In a country where religion plays a large part in public life, followers of traditional beliefs, known generally as aliran kepercayaan, hope the ruling will finally end decades of unofficial discrimination that makes it difficult for them to get permits to open gathering places, obtain marriage licenses and get access to public services like health care and education. It also complicates efforts by those believers to get military, police or civil service jobs, or even burial plots in cemeteries.
There are hundreds of different forms of aliran kepercayaan spread across the vast Indonesian archipelago. In Java, the most populous island, it is often a mix of animist, Hindu-Buddhist and Islamic beliefs.
Forms of kepercayaan can include certain periodic religious observances, such as communal meals or acts that could be compared to Muslim men praying together on Fridays or Sunday Christian services. These may include ritual offerings to appease spirits, even though the practitioners could also be registered as Muslims, Catholics, Buddhists or one of the other recognized religions.

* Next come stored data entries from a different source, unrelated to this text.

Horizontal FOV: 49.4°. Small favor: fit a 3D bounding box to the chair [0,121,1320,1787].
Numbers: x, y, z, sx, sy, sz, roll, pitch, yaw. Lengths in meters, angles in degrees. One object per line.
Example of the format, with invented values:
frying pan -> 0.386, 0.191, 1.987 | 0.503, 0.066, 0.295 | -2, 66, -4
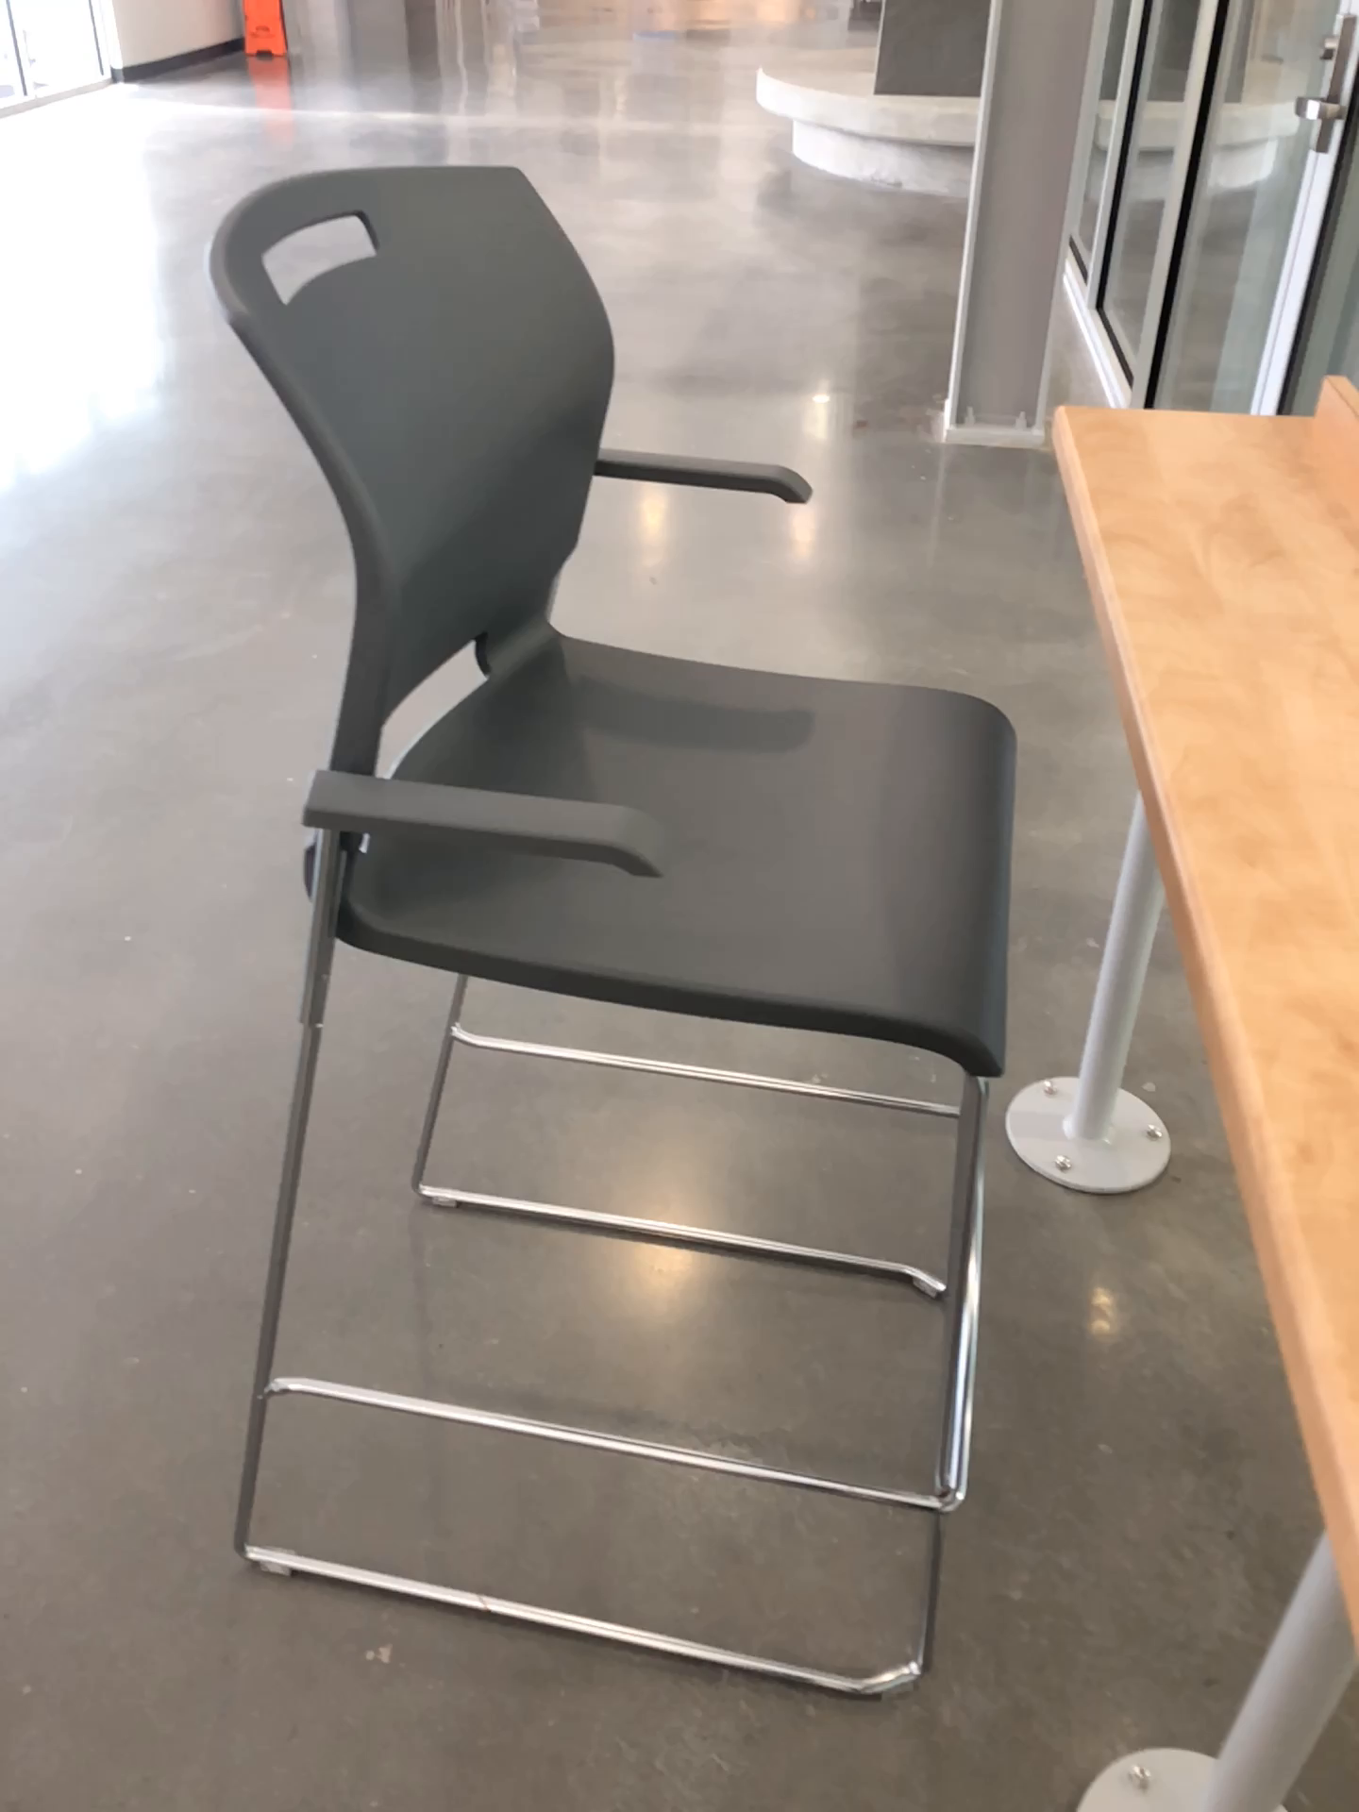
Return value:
chair -> -0.038, 0.043, 1.150 | 0.660, 1.072, 0.604 | 7, 35, 8

It is estimated that at least 20 million of Indonesia’s 260 million people practice local traditional beliefs, but the numbers could be much higher, according to analysts, as some are also followers of Islam, Christianity and other major religions.
“We’ll keep fighting for equality; we have equality, legally speaking, but in reality we don’t,” said Endang Retno Lastani, an elder with one Java-based group, whose national identity card is blank in the religious affiliation section.
“Our belief is the unity of God and people, just like other religions,” he said. “So what’s wrong with that?”